Note: The events logged to stdout may differ to the actual events you see in Application Insights due to some post processing.

Basic Auth in Traefik

If Traefik's API endpoint (including /health) is protected with Basic Authentication, watchdog's health-check calls will fail by default (will receive 401, naturally). Hence, 2 new optional parameters were added through which one could pass the required credentials (apiendpointusername and apiendpointpassword).

Why was it built?

It was primarily designed to run inside Service Fabric to support the use of Traefik on Service Fabric.

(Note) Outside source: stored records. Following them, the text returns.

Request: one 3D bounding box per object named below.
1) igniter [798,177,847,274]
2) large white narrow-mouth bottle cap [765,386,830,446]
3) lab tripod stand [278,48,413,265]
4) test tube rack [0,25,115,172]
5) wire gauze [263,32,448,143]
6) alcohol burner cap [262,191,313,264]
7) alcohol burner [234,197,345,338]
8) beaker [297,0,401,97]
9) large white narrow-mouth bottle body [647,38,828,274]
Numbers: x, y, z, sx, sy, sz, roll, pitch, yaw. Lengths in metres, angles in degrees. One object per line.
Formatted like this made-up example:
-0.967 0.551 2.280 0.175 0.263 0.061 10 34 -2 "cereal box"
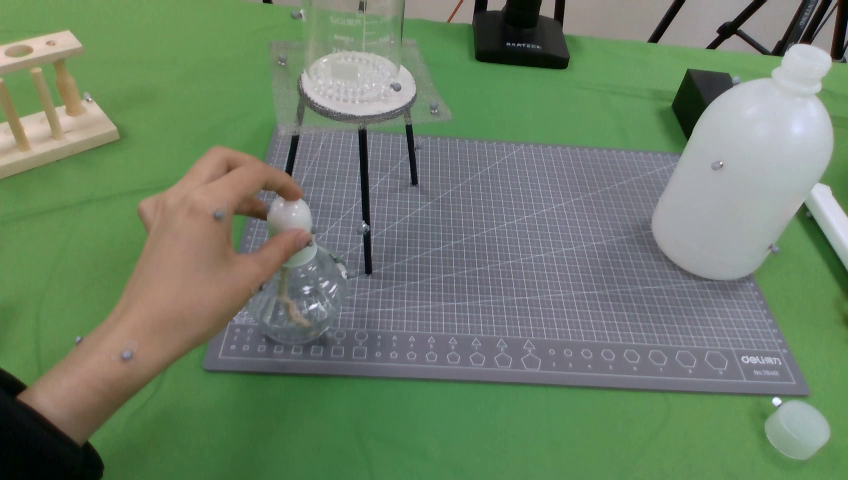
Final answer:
0.392 0.039 0.530 0.057 0.025 0.273 12 45 -11 "igniter"
0.266 0.126 0.433 0.038 0.024 0.037 4 45 -3 "large white narrow-mouth bottle cap"
-0.057 -0.074 0.499 0.148 0.132 0.147 5 46 -5 "lab tripod stand"
-0.407 -0.100 0.512 0.242 0.086 0.066 -29 56 -31 "test tube rack"
-0.055 -0.122 0.453 0.122 0.011 0.123 -8 51 -13 "wire gauze"
-0.090 -0.010 0.395 0.034 0.048 0.033 3 48 -3 "alcohol burner cap"
-0.094 0.014 0.422 0.078 0.120 0.077 5 44 -5 "alcohol burner"
-0.055 -0.158 0.420 0.084 0.101 0.073 -1 48 -9 "beaker"
0.261 -0.068 0.494 0.102 0.196 0.101 3 46 -3 "large white narrow-mouth bottle body"

Having the watchdog reporting stats from an independent service allows it to log when Traefik is not responding or has crashed. This is preferable to a gap in reporting, which would signal a failure if the stats were reported by the Traefik service in process.

However, it can be run independently inside other orchestrator's such a Kubernetes. Please Note Use outside of Service Fabric will require some additional testing and adjustment of the default values to ensure expected behavior.

What is it's status?

Currently under development.

This project is a simple watchdog service provided 'as is' and we currently have no plans to expands it's feature set.

We would welcome contributions. If you identify issues please log them and, if possible, develop a fix in as a PR.

Building

Run build.sh this has a dependency on docker.

The build with run a set of checks, execute tests and then output. Once completed you can use docker run --rm traefik-appinsights-watchdog:latest --appinsightskey=XXXXXXXXX --debug to test your build.